> **Supplied records**
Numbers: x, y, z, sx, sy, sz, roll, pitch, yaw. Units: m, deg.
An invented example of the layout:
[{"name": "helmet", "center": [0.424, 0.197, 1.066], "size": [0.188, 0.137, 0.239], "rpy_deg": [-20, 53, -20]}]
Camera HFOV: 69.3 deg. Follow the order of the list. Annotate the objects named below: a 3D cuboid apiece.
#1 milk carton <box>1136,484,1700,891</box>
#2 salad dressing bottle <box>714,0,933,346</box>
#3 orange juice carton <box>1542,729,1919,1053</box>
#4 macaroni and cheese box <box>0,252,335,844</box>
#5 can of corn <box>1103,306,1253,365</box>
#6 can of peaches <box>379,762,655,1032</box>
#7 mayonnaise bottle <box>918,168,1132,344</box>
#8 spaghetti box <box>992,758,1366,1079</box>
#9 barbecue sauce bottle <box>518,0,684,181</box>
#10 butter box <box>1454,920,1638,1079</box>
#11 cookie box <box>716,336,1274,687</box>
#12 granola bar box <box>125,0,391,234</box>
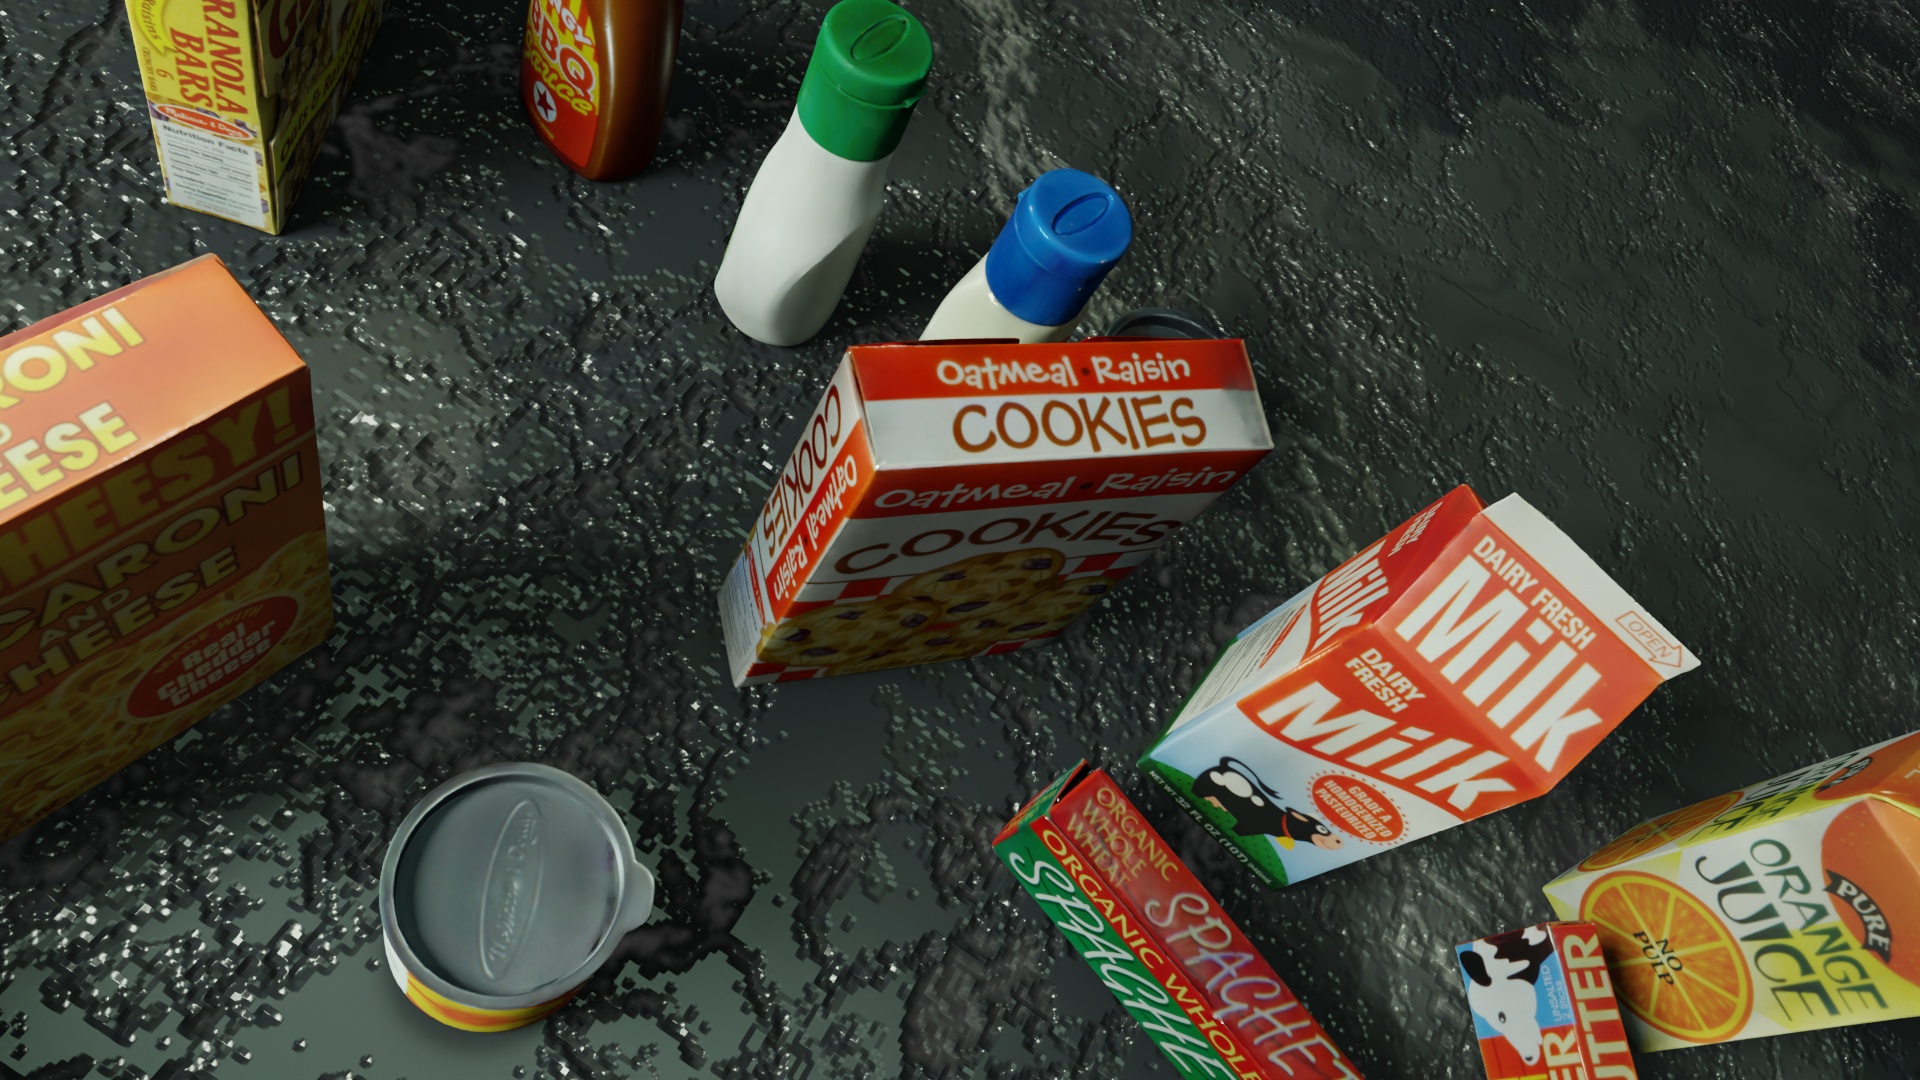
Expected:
[{"name": "milk carton", "center": [0.144, 0.048, 0.459], "size": [0.072, 0.189, 0.074], "rpy_deg": [43, 57, 2]}, {"name": "salad dressing bottle", "center": [-0.049, -0.126, 0.492], "size": [0.044, 0.147, 0.064], "rpy_deg": [41, 57, 1]}, {"name": "orange juice carton", "center": [0.311, 0.121, 0.489], "size": [0.072, 0.191, 0.073], "rpy_deg": [-19, 74, -29]}, {"name": "macaroni and cheese box", "center": [-0.222, 0.014, 0.340], "size": [0.040, 0.165, 0.124], "rpy_deg": [47, 58, 5]}, {"name": "can of corn", "center": [0.076, -0.051, 0.559], "size": [0.071, 0.058, 0.071], "rpy_deg": [9, 62, -18]}, {"name": "can of peaches", "center": [-0.128, 0.104, 0.398], "size": [0.071, 0.057, 0.071], "rpy_deg": [9, 62, -18]}, {"name": "mayonnaise bottle", "center": [0.012, -0.070, 0.489], "size": [0.041, 0.147, 0.065], "rpy_deg": [48, 58, 5]}, {"name": "spaghetti box", "center": [0.106, 0.181, 0.460], "size": [0.029, 0.050, 0.250], "rpy_deg": [-37, 83, -32]}, {"name": "barbecue sauce bottle", "center": [-0.125, -0.198, 0.497], "size": [0.044, 0.148, 0.065], "rpy_deg": [-30, 79, -31]}, {"name": "butter box", "center": [0.214, 0.193, 0.497], "size": [0.024, 0.053, 0.104], "rpy_deg": [4, 64, -21]}, {"name": "cookie box", "center": [0.002, -0.006, 0.441], "size": [0.123, 0.166, 0.040], "rpy_deg": [-5, 68, -24]}, {"name": "granola bar box", "center": [-0.225, -0.207, 0.474], "size": [0.039, 0.123, 0.166], "rpy_deg": [16, 60, -14]}]

> **Aim of the exercise**
Starting at the first line of the data above, please restate word for word every line up to and including the one that holds "#12 granola bar box <box>125,0,391,234</box>", and add nothing else.

> **Solution for this problem**
Numbers: x, y, z, sx, sy, sz, roll, pitch, yaw. Units: m, deg.
An invented example of the layout:
[{"name": "helmet", "center": [0.424, 0.197, 1.066], "size": [0.188, 0.137, 0.239], "rpy_deg": [-20, 53, -20]}]
Camera HFOV: 69.3 deg. Follow the order of the list. Annotate the objects named below: a 3D cuboid apiece.
#1 milk carton <box>1136,484,1700,891</box>
#2 salad dressing bottle <box>714,0,933,346</box>
#3 orange juice carton <box>1542,729,1919,1053</box>
#4 macaroni and cheese box <box>0,252,335,844</box>
#5 can of corn <box>1103,306,1253,365</box>
#6 can of peaches <box>379,762,655,1032</box>
#7 mayonnaise bottle <box>918,168,1132,344</box>
#8 spaghetti box <box>992,758,1366,1079</box>
#9 barbecue sauce bottle <box>518,0,684,181</box>
#10 butter box <box>1454,920,1638,1079</box>
#11 cookie box <box>716,336,1274,687</box>
#12 granola bar box <box>125,0,391,234</box>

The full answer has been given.